== TASK DATA ==
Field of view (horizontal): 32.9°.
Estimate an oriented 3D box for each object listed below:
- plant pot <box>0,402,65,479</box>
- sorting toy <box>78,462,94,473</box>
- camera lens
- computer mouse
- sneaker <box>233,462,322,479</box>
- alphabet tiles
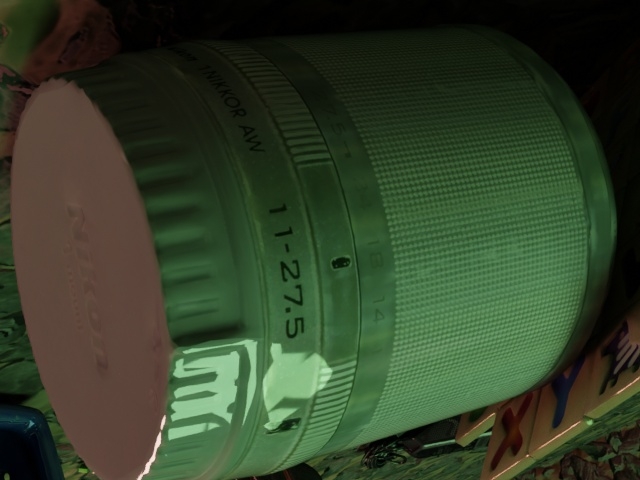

== EXERCISE DESCRIPTION ==
Repeat all of the data above word for word, minus the pictures.

== ANSWER TO THIS TASK ==
Field of view (horizontal): 32.9°.
Estimate an oriented 3D box for each object listed below:
- plant pot <box>0,402,65,479</box>
- sorting toy <box>78,462,94,473</box>
- camera lens
- computer mouse
- sneaker <box>233,462,322,479</box>
- alphabet tiles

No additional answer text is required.